Validation tools: Heteroscedasticity can often be detected visually by inspecting plots of the residuals vs. the predicted values or the residuals over time. Any pattern in the data would indicate that the residuals are a function of the predicted values or time and would suggest a violation of the homoscedasticity assumption. Figure 1 illustrates homoscedastic residuals while Figure 2 illustrates heteroscedastic residuals - the residuals become more dispersed as the fitted values increase.

Figure 1: Homoscedasticity

Figure 2: Heteroscedasticity

Beyond visual diagnostic tools, formal statistical tests for heteroscedasticity are available for different situations. If heterscedasticity is suspected but there appear to be no specific explanation for its presence, White’s test can be used. When the dependent variable shows substantial variation in magnitude, which may lead to differences in measurement error, the Goldfeld-Quant test is more appropriate. If the variations in the errors are associated with some variable(s) then the Breusch-Pagan test should be used.

What can be done if the assumption is violated? As in the case of serial correlation, the model can be estimated with robust standard. As an alternative to the OLS model, a more general model – appropriately named Generalized Least Squares (“GLS”) – can be estimated. In this model heteroscedasticty is explicitly accounted for resulting in more efficient (smaller variance) estimates than in the OLS model.

The errors are normally distributed

The calculation of standard errors, confidence intervals, and significance tests for the estimates are all based on the assumption of normally distributed errors. If the errors are not normally distributed, all these calculations are inaccurate. Normality is typically violated because either the distribution of the dependent variable or the independent variables is significantly non-normal. Normality can also be violated when the linearity assumption is violated.

Validation tools: Tests for normality are based on comparison of the distribution of the regression residuals to the normal distribution. Statistical tests such as Shapiro-Wilk or the Shapiro-Francia tests for normality are commonly used to test for normality. In addition, simple plotting techniques such a histogram of the residuals, or the more advanced q-q plot are commonly used. The following plots illustrate a situation where the residuals are normal (Figures 3a and 3b) and another when they are not (Figures 4a and 4b).

Figure 3a: Normal residuals (Histogram) Figure 3b: Normal residuals (q-q plot)

Figure 4a: Non-normal residuals (Histogram) Figure 4b: Non-normal residuals (q-q plot)

What can be done if the assumption is violated?

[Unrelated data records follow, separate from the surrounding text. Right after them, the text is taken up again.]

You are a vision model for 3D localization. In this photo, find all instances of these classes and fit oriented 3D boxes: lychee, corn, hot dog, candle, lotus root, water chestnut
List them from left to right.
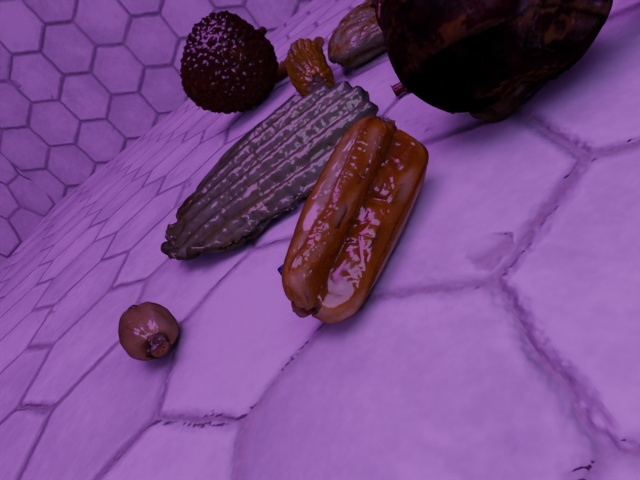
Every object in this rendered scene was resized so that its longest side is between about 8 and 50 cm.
[{"bbox_3d":[-0.223,0.117,0.616,0.073,0.062,0.150,-26,23,-25],"label":"lotus root"},{"bbox_3d":[-0.256,-0.498,1.342,0.304,0.276,0.276,-52,29,-9],"label":"lychee"},{"bbox_3d":[-0.029,-0.386,1.082,0.102,0.102,0.312,-32,30,15],"label":"corn"},{"bbox_3d":[0.037,-0.030,0.482,0.249,0.102,0.076,-64,6,-25],"label":"hot dog"},{"bbox_3d":[0.187,-0.270,0.727,0.168,0.021,0.026,-26,57,22],"label":"candle"},{"bbox_3d":[0.174,-0.256,0.501,0.224,0.237,0.223,-17,-12,-4],"label":"water chestnut"}]

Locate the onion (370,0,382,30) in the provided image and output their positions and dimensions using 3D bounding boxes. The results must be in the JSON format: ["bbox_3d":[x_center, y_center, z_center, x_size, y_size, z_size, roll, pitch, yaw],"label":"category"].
[{"bbox_3d":[0.171,-0.353,0.750,0.184,0.184,0.146,-1,88,50],"label":"onion"}]

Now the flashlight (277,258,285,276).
[{"bbox_3d":[0.000,0.000,0.541,0.121,0.035,0.057,-39,31,1],"label":"flashlight"}]

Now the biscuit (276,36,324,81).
[{"bbox_3d":[-0.093,-0.549,1.471,0.225,0.033,0.144,-24,31,29],"label":"biscuit"}]

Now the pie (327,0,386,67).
[{"bbox_3d":[0.120,-0.460,1.019,0.248,0.090,0.200,-32,39,15],"label":"pie"}]

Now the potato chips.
[{"bbox_3d":[-0.099,-0.123,0.820,0.429,0.070,0.358,-37,30,7],"label":"potato chips"}]
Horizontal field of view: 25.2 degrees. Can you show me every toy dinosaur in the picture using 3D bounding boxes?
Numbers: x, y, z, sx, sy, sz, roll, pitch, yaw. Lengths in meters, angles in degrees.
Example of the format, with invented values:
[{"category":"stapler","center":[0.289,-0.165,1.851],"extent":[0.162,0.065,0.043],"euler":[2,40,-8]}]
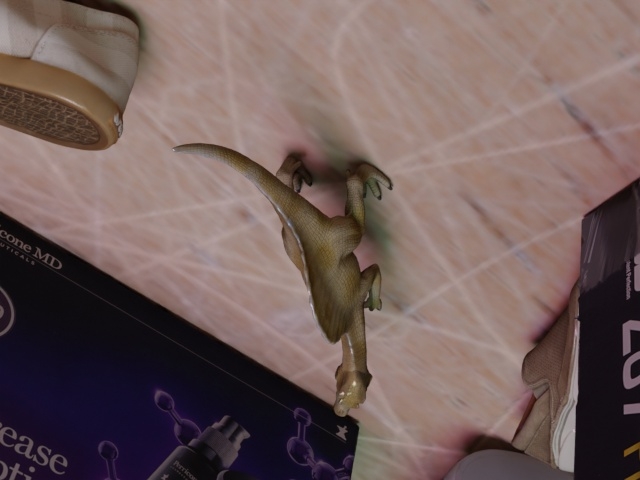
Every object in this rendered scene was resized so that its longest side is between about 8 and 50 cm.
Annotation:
[{"category":"toy dinosaur","center":[0.000,0.000,0.661],"extent":[0.053,0.093,0.183],"euler":[-12,128,20]}]

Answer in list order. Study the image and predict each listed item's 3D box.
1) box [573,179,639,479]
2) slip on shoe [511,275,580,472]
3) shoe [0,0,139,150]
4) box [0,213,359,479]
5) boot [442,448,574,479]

Neither the dependent variable nor the independent variables have to be normally distributed – only the errors have to be normally distributed. However, if the distribution of any of these variables substantially deviates from normality (for example, when the empirical values are extremely asymmetric or when the dependent variable takes on only a few values) the distribution of the residuals is directly affected (because of the additive assumption). In the first case, transforming the skewed variable may be helpful. In the case of a limited dependent variable, the linear regression model is not appropriate and other approaches must be adopted.

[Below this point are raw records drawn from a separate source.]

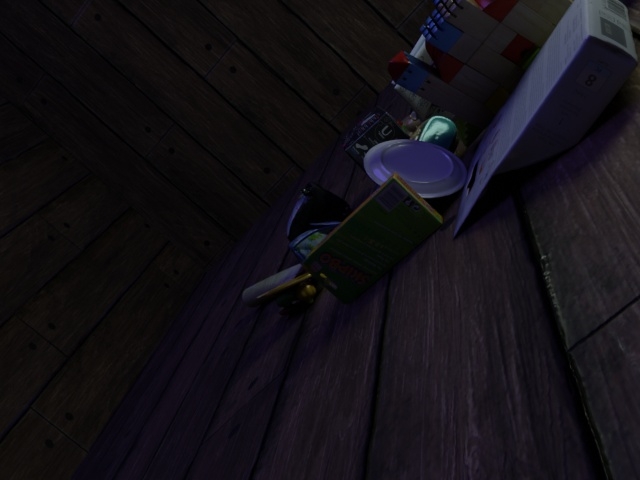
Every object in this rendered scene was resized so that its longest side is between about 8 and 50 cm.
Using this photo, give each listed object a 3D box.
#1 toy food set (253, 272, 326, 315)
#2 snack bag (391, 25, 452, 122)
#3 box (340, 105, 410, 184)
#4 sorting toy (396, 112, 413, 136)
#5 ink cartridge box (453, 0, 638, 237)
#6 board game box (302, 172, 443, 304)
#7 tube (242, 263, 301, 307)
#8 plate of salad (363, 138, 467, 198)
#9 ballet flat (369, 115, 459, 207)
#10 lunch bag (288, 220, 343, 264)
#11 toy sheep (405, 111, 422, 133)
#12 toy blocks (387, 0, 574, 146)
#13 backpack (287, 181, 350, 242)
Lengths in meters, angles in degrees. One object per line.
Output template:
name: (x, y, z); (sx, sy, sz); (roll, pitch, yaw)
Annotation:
toy food set: (-0.057, 0.128, 1.785); (0.128, 0.071, 0.218); (-26, 0, -29)
snack bag: (0.310, -0.419, 1.783); (0.323, 0.037, 0.342); (-57, -28, 0)
box: (0.160, -0.234, 1.939); (0.142, 0.163, 0.247); (-43, 10, 9)
sorting toy: (0.259, -0.342, 2.295); (0.229, 0.041, 0.307); (-54, 11, -30)
ink cartridge box: (0.362, -0.199, 1.255); (0.385, 0.091, 0.308); (-62, 0, 35)
board game box: (0.091, 0.004, 1.410); (0.259, 0.124, 0.039); (-43, 9, 24)
tube: (-0.133, 0.130, 2.134); (0.240, 0.062, 0.070); (-30, 63, 47)
plate of salad: (0.180, -0.132, 1.455); (0.200, 0.200, 0.048); (-59, -19, -49)
ballet flat: (0.190, -0.118, 1.553); (0.123, 0.123, 0.348); (-36, 16, 50)
lunch bag: (0.000, 0.000, 1.954); (0.151, 0.096, 0.129); (-34, 6, -4)
toy sheep: (0.273, -0.305, 1.962); (0.132, 0.091, 0.091); (-21, -6, -31)
toy blocks: (0.293, -0.384, 1.415); (0.381, 0.261, 0.191); (-50, 37, 29)
backpack: (-0.017, -0.058, 2.148); (0.182, 0.152, 0.115); (-59, 2, 10)

Non-normality may also arise when the data comprise of two or more distinct subsets that have distinct statistical characteristics. In this case, the linear regression model may work for each subset or else a different modeling approach is needed.

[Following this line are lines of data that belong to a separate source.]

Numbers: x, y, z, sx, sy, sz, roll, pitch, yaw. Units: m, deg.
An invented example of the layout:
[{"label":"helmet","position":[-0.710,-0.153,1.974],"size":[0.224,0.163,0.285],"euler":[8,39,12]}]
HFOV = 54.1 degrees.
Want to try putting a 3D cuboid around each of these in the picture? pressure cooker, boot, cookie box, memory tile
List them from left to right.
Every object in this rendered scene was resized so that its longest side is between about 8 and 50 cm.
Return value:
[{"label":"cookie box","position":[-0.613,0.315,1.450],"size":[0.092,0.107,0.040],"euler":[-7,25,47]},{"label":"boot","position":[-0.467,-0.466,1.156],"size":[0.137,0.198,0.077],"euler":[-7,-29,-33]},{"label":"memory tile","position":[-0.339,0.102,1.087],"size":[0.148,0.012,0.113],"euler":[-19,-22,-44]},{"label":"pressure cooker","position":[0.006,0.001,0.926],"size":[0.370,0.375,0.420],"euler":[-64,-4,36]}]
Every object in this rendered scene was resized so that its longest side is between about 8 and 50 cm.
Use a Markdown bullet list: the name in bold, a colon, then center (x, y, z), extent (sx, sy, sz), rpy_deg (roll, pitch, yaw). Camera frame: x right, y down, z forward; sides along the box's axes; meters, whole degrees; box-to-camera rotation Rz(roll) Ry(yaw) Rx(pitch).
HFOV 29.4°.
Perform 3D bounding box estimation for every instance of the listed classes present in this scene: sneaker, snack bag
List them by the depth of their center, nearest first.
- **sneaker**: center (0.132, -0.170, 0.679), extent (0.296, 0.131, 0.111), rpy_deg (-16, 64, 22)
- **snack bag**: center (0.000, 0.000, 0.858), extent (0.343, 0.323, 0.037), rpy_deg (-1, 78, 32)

Finally, non-normality of the residuals may be an artifact on a small number of disproportionally large errors. In this case, the data associated with these errors has to be investigated thoroughly. Such values can simply be a result of a data entry error, or they can represent an actual event. Investigating the nature of the event can lead to the introduction of additional variables that directly account for that event. This is particularly important when the underlying cause may occur again.

Even when all the Normal Assumptions hold, estimating the Linear Regression Model can involve dealing with other problems, such as outliers or multicollinearity, rendering its results inaccurate. More about such problems in future posts.